The nomination committee’s complete proposals, including a presentation of the proposed members of the board of directors and an assessment of their independence in relation to the company, the executive management and the company’s major shareholders, are available on the company’s website (www.mgi-se.com).

Item 12: Resolution on an authorisation for the board of directors to resolve on issuance of shares, warrants and convertibles

The board of directors proposes that the annual general meeting resolves to authorise the board of directors to, at one or several occasions and for the time period until the next annual general meeting, issue shares, warrants

and convertibles within the limits of the company’s articles of association. The authorisation shall be limited so that the board of directors may not resolve upon issues of shares, warrants and convertibles that entail that the total number of shares that are issued, issued through conversion of convertibles or issued through exercise of warrants exceeds 35 per cent of the total number of shares in the company at the time the board of directors exercises the authorisation for the first time.

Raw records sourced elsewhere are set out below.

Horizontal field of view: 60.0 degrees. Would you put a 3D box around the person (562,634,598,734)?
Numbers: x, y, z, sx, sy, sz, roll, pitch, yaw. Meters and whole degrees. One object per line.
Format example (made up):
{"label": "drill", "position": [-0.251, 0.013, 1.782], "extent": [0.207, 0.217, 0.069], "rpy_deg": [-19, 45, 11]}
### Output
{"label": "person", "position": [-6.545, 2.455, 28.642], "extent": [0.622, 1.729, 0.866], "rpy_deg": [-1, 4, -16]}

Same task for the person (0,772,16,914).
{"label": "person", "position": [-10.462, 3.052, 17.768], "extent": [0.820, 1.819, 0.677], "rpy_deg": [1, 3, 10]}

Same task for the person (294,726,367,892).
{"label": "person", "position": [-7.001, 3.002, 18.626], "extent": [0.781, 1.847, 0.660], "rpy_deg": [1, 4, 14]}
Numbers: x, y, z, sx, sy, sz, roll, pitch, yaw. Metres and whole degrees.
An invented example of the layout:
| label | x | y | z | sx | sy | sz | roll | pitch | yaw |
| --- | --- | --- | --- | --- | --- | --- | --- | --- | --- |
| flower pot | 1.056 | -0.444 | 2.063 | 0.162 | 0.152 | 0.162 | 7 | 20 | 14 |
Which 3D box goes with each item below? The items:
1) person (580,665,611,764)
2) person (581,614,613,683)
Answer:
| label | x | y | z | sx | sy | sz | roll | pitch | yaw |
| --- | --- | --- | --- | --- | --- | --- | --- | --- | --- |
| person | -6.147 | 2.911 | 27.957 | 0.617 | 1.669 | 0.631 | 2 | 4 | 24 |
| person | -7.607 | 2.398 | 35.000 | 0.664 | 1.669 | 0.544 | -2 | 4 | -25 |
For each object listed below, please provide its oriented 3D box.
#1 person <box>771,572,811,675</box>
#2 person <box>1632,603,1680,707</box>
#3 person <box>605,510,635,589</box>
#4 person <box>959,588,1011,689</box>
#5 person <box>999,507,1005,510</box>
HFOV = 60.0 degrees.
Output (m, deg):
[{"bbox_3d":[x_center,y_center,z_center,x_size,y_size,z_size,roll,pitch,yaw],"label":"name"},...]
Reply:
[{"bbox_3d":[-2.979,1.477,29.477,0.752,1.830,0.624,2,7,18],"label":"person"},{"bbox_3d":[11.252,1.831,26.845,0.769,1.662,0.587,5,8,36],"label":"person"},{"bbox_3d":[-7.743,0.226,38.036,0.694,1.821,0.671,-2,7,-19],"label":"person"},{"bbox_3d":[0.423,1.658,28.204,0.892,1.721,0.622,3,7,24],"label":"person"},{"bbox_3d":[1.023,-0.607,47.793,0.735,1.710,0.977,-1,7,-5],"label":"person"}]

Issues of shares, warrants and convertibles may be made with or without deviation from the shareholders’ preferential rights and with or without provisions for payment in kind, set-off or other conditions. The purpose of the authorisation and the possibility to deviate from the shareholders’ preferential rights shall be to finance acquisitions, raise capital to facilitate growth and development of the company or to hedge, facilitate or settle the company’s incentive programs.

The board of directors, the CEO or such person as the board of directors authorise, shall be authorised to make such minor amendments and clarifications of the annual general meeting’s decision that is required in connection with the registration of this authorisation with the Swedish Companies Registration Office.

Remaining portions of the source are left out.